Le blocage récent du site Japscan par la justice française marque un tournant dans la guerre menée par les éditeurs contre le piratage de mangas. Cette décision, attendue depuis des années, intervient dans un contexte de contraction du marché, où la protection des ayants droit est devenue prioritaire.
Piratage de mangas : une pratique de masse en France
Japscan proposait plus de 13 000 titres, incluant mangas, manhwas, manhuas, BD occidentales et comics, et rassemblait chaque mois près de 700 000 visiteurs uniques en France. Selon une étude Mangas.io, 83% des lecteurs de mangas consultent, au moins occasionnellement, des sites pirates — un chiffre qui illustre l’ampleur du phénomène dans l’Hexagone.
Cette pratique affecte directement les ventes : le marché du manga, en repli, a vu son chiffre d’affaires chuter de 13% en 2023 puis de 4% en 2024, et la baisse atteint 9,3% en volume pour le seul secteur éditorial mangas sur l’année 2024.
Les éditeurs français s’unissent contre Japscan
Pour la première fois, huit grandes maisons d’édition (Casterman, Delcourt-Tonkam, Glénat, Kana, Ki-oon, Kurokawa, Panini Manga, Pika) ont joint leurs forces au Syndicat national de l’édition (SNE) et à Crunchyroll pour obtenir, le 23 juillet 2025, une ordonnance judiciaire de blocage de Japscan et de ses sous-domaines.
Tous les grands fournisseurs d’accès à Internet (Orange, SFR, Free, Bouygues Telecom) ont ainsi reçu l’obligation de couper techniquement l’accès à ces adresses pour une durée de 18 mois.
Outre cette action inédite, le SNE appelle désormais à un renforcement du cadre légal pour permettre d’élargir plus rapidement ces blocages à d’autres domaines miroirs, et sollicite l’appui de l’ARCOM, à l’image de ce qui se fait pour le cinéma ou la musique.
Limites techniques et moyens de contournement
Le blocage par DNS et filtrage de nom de domaine reste aisément contournable par des moyens connus (VPN, changement de DNS ou multiplication d’URL alternatives).
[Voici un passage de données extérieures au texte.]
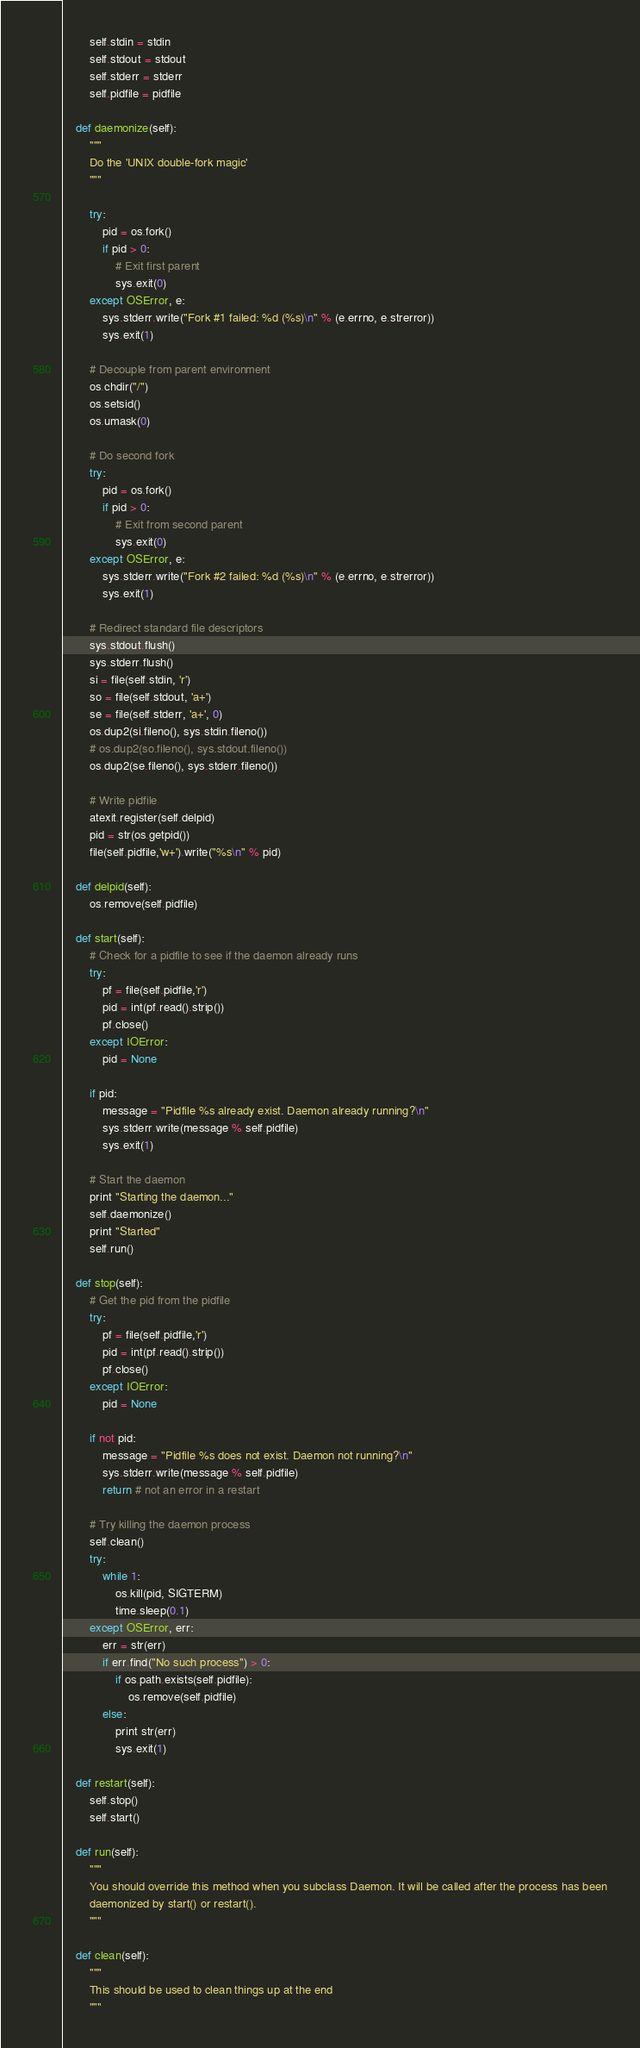Convert code to text. <code><loc_0><loc_0><loc_500><loc_500><_Python_>        self.stdin = stdin
        self.stdout = stdout
        self.stderr = stderr
        self.pidfile = pidfile

    def daemonize(self):
        """
        Do the 'UNIX double-fork magic'
        """

        try:
            pid = os.fork()
            if pid > 0:
                # Exit first parent
                sys.exit(0)
        except OSError, e:
            sys.stderr.write("Fork #1 failed: %d (%s)\n" % (e.errno, e.strerror))
            sys.exit(1)

        # Decouple from parent environment
        os.chdir("/")
        os.setsid()
        os.umask(0)

        # Do second fork
        try:
            pid = os.fork()
            if pid > 0:
                # Exit from second parent
                sys.exit(0)
        except OSError, e:
            sys.stderr.write("Fork #2 failed: %d (%s)\n" % (e.errno, e.strerror))
            sys.exit(1)

        # Redirect standard file descriptors
        sys.stdout.flush()
        sys.stderr.flush()
        si = file(self.stdin, 'r')
        so = file(self.stdout, 'a+')
        se = file(self.stderr, 'a+', 0)
        os.dup2(si.fileno(), sys.stdin.fileno())
        # os.dup2(so.fileno(), sys.stdout.fileno())
        os.dup2(se.fileno(), sys.stderr.fileno())

        # Write pidfile
        atexit.register(self.delpid)
        pid = str(os.getpid())
        file(self.pidfile,'w+').write("%s\n" % pid)

    def delpid(self):
        os.remove(self.pidfile)

    def start(self):
        # Check for a pidfile to see if the daemon already runs
        try:
            pf = file(self.pidfile,'r')
            pid = int(pf.read().strip())
            pf.close()
        except IOError:
            pid = None

        if pid:
            message = "Pidfile %s already exist. Daemon already running?\n"
            sys.stderr.write(message % self.pidfile)
            sys.exit(1)

        # Start the daemon
        print "Starting the daemon..."
        self.daemonize()
        print "Started"
        self.run()

    def stop(self):
        # Get the pid from the pidfile
        try:
            pf = file(self.pidfile,'r')
            pid = int(pf.read().strip())
            pf.close()
        except IOError:
            pid = None

        if not pid:
            message = "Pidfile %s does not exist. Daemon not running?\n"
            sys.stderr.write(message % self.pidfile)
            return # not an error in a restart

        # Try killing the daemon process
        self.clean()
        try:
            while 1:
                os.kill(pid, SIGTERM)
                time.sleep(0.1)
        except OSError, err:
            err = str(err)
            if err.find("No such process") > 0:
                if os.path.exists(self.pidfile):
                    os.remove(self.pidfile)
            else:
                print str(err)
                sys.exit(1)

    def restart(self):
        self.stop()
        self.start()

    def run(self):
        """
        You should override this method when you subclass Daemon. It will be called after the process has been
        daemonized by start() or restart().
        """

    def clean(self):
        """
        This should be used to clean things up at the end
        """
</code> 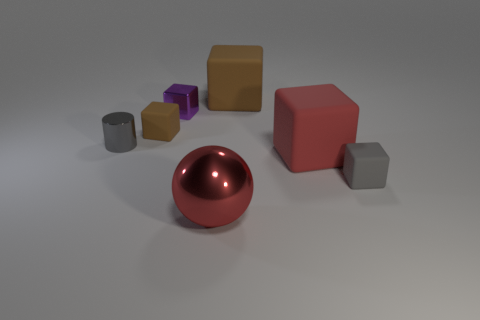Subtract all purple metallic blocks. How many blocks are left? 4 Subtract all blue cylinders. How many brown blocks are left? 2 Add 2 big rubber cubes. How many objects exist? 9 Subtract all gray blocks. How many blocks are left? 4 Subtract 1 cubes. How many cubes are left? 4 Add 6 gray cylinders. How many gray cylinders exist? 7 Subtract 0 green blocks. How many objects are left? 7 Subtract all balls. How many objects are left? 6 Subtract all purple blocks. Subtract all red balls. How many blocks are left? 4 Subtract all small purple balls. Subtract all big brown cubes. How many objects are left? 6 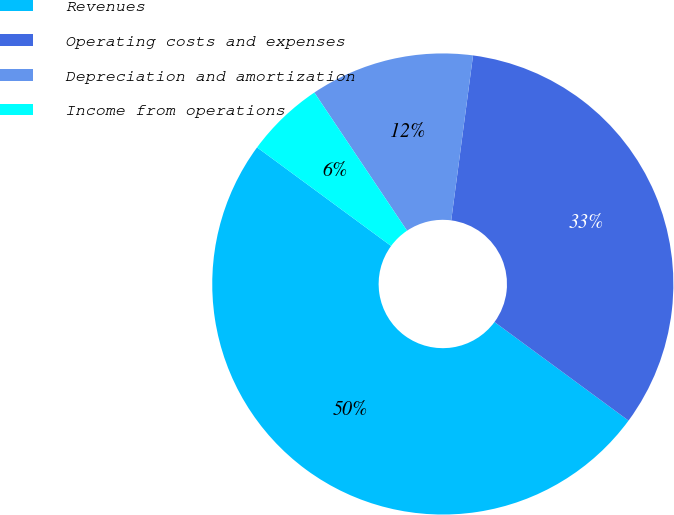<chart> <loc_0><loc_0><loc_500><loc_500><pie_chart><fcel>Revenues<fcel>Operating costs and expenses<fcel>Depreciation and amortization<fcel>Income from operations<nl><fcel>50.0%<fcel>33.0%<fcel>11.5%<fcel>5.5%<nl></chart>

Si les sites pirates continuent à adapter leurs stratégies pour rester accessibles, des mécanismes d’actualisation des listes noires et de pressions sur les VPN se mettent progressivement en place afin de limiter les contournements à grande échelle.
Modèle économique des sites pirates : une illusion de gratuité
Japscan générait des revenus importants grâce à la publicité invasive et à des abonnements permettant de la retirer, tout en poursuivant une activité illicite et non rémunératrice pour les ayants droit.
Le site mettait en avant une justification « informative » et encourageait, dans ses mentions, l’achat des versions officielles, mais cette communication ne légitime en rien la violation des droits d’auteur.
Alternatives légales et enjeux pour la filière
La multiplication d’offres légales (Mangas.io, Manga Plus, Izneo) vise à répondre à la demande croissante pour du contenu rapide et accessible, proposant abonnements ou achats à l’unité sur mobile et tablette.
Les éditeurs insistent sur la nécessité de sensibiliser les 7 millions de lecteurs réguliers français à l’importance du respect de la chaîne du livre afin de garantir l’avenir de la diversité culturelle et la rémunération des créateurs.
Enfin, le blocage de Japscan, même s’il n’éradique pas le piratage, pose un nouveau jalon décisif dans la protection de la création. Il ouvre aussi la voie à une intensification des actions collectives et à un débat renouvelé sur la valorisation du manga, la légalité du numérique et les alternatives pour les lecteurs à la recherche d’un accès rapide, abordable et respectueux du droit d’auteur.